I have rcline set up as a system service, and plex in a docker. When I reboot, my plex docker loads before my drive mounts, so everything shows unavailable. Restarting plex fixes it, but is kind of a pain.
Wondering if anyone else found this, and has any solution?
What is your rclone version (output from rclone version)
Which OS you are using and how many bits (eg Windows 7, 64 bit)
Which cloud storage system are you using? (eg Google Drive)
The command you were trying to run (eg rclone copy /tmp remote:tmp)
Hi filthyrich, so currently I run both Plex and Rclone in Docker containers as well as a number of other pieces of software that utilise the mount, such as Radarr, Sonarr, Syncthing, Mylar and Calibre etc.
With this setup I am able to use bind propagation to set my rclone mount as shared and my Plex install as a slave. I believe this would solve your problem if you were happy to put your Plex install into a docker container.
In addition as none of this software is creating directories on the mount that shouldn't already be there I am using the --allow-non-empty command in my mount script. I understand this is frowned upon in general as it will overwrite anything in it's way, however in my case this is irrelevant as the directories that are getting created before the mount aren't supposed to exist outside of the mount. This means that if Plex or any other piece of software that is dependant on the mount being available first, does create a directory too quickly it is replaced by the correct directory when the Rclone mount is ready. For my set up I have found it necessary as both Syncthing and Calibre are creating directories they expect to find instead of waiting for the mount to create them.
Please the note the above is generally not advised as you are giving the rclone mount permission to overwrite anything in its way, therefore this introduces a risk of data loss, so I wouldn't use this unless absolutely necessary.
Happy to share my scripts if you are interested? I appreciate there are many ways to skin the proverbial cat however and I'm sure others will jump in with alternative suggestions to get your setup working.
So first off I don't personally use Compose for my docker setup. Although it would make my life easier, I've just not gotten around to setting it all up as I have 16 containers and it will take me a while, so my scripts are just basic docker commands. No reason you can't easily adapt them for compose though.
So here is my rclone script (This is the official rclone container)
As you can see it is also set up for webgui access, hence the port number but you may not want or need that. The important point to note is the volume I have added -v /mnt:/mnt:shared It is essential you add the shared command to whatever location you plan to add your mount to, not the mount itself. So in my case, as mnt/Skull is the location of my rclone mount I need to add the shared command to mnt
as you can see I have added a volume for my mount -v /mnt/Skull:/mnt/Skull:rslave that uses the rslave command to bind itself to the mount.
Without going into great detail on bind propagation this means you are able to start Plex before the mount without issue, as Plex will see the mount once it's ready, without having to restart it.
I must just stress that the command I have in my rclone script --allow-non-empty shouldn't be used for the sake of it as it can be destructive.
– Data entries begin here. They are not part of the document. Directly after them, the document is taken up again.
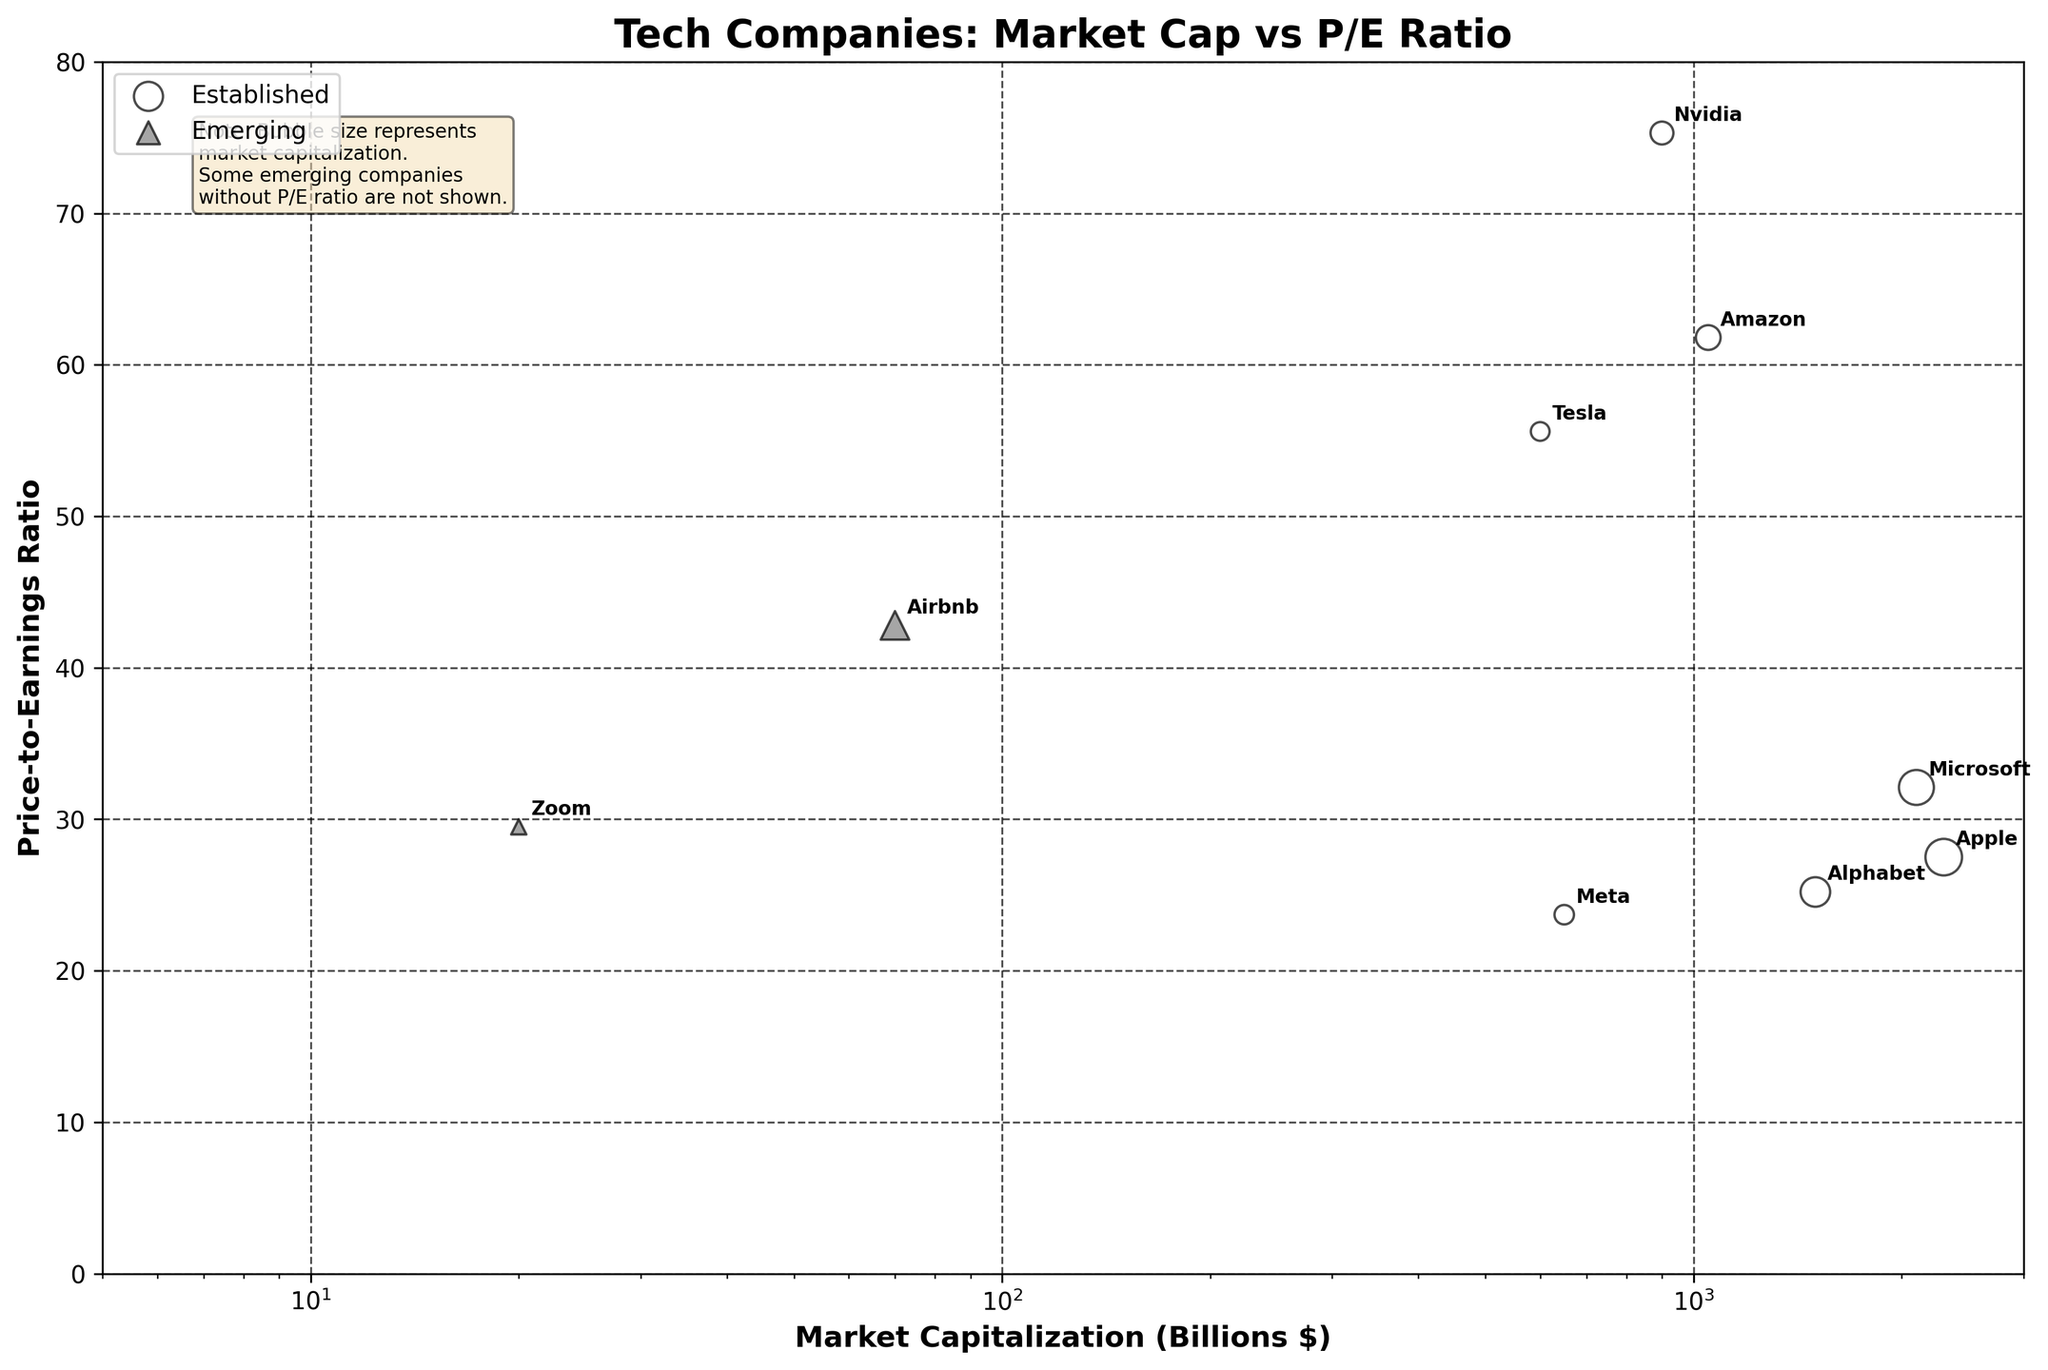Who has the highest P/E ratio among established companies? By looking at the circle markers representing established companies, Nvidia has the highest P/E ratio of 75.3.
Answer: Nvidia What is the difference in Market Capitalization between Apple and Microsoft? Apple has a Market Capitalization of 2300 billion dollars while Microsoft has 2100 billion dollars. The difference is 2300 - 2100 = 200 billion dollars.
Answer: 200 billion dollars How many established companies are in the plot? By counting the circle markers, there are 7 established companies plotted.
Answer: 7 What is the title of the figure? The title is written at the top of the figure, which is 'Tech Companies: Market Cap vs P/E Ratio'.
Answer: Tech Companies: Market Cap vs P/E Ratio Which established company has the lowest P/E ratio? By comparing the P/E ratios of all circle markers, Meta has the lowest P/E ratio of 23.7.
Answer: Meta Which company has the smallest market cap among the established ones, and what is its value? By reviewing the size of circle markers, the smallest belongs to Tesla with a Market Capitalization of 600 billion dollars.
Answer: Tesla, 600 billion dollars Is there a general trend in P/E ratios between established companies and emerging companies? Established companies generally have more varied P/E ratios, some high and some low, while emerging companies (which are plotted as triangles) have relatively fewer distinct P/E ratios given many have N/A. The established companies show a broader range of P/E values.
Answer: Established companies are more varied in P/E ratios Which company among the emerging ones has the highest P/E ratio? Among the triangle markers for emerging companies, Airbnb has the highest P/E ratio of 42.8.
Answer: Airbnb Within which range are the P/E ratios of established companies? By observing the distribution of circle markers for established companies along the Y-axis, their P/E ratios range from around 23.7 to 75.3.
Answer: Approximately 23.7 to 75.3

I am using is in my set up as I have a couple of containers that create empty directories in anticipation of where the mount should be. I have tested this in my set up and know that it does no harm, however it should be used with great caution as it gives the mount permission to write straight over the top of whatever is underneath!
I use fstab to mount all rclone / mergerfs / cifs in the host OS. Some of these mounts are made available to the docker containers.
The issue I face is during power off/on/reboot. Docker starts before all mounts are ready.
So, in my case, I need to restart a container about a minute after the host OS has completed the boot process.
It's not elegant or very resilient, but it works.
My entry for this in crontab looks like this: @reboot echo docker restart container_name | sudo at now + 1 minutes
This configuration depends on the at service which needs to be installed and enabled at boot.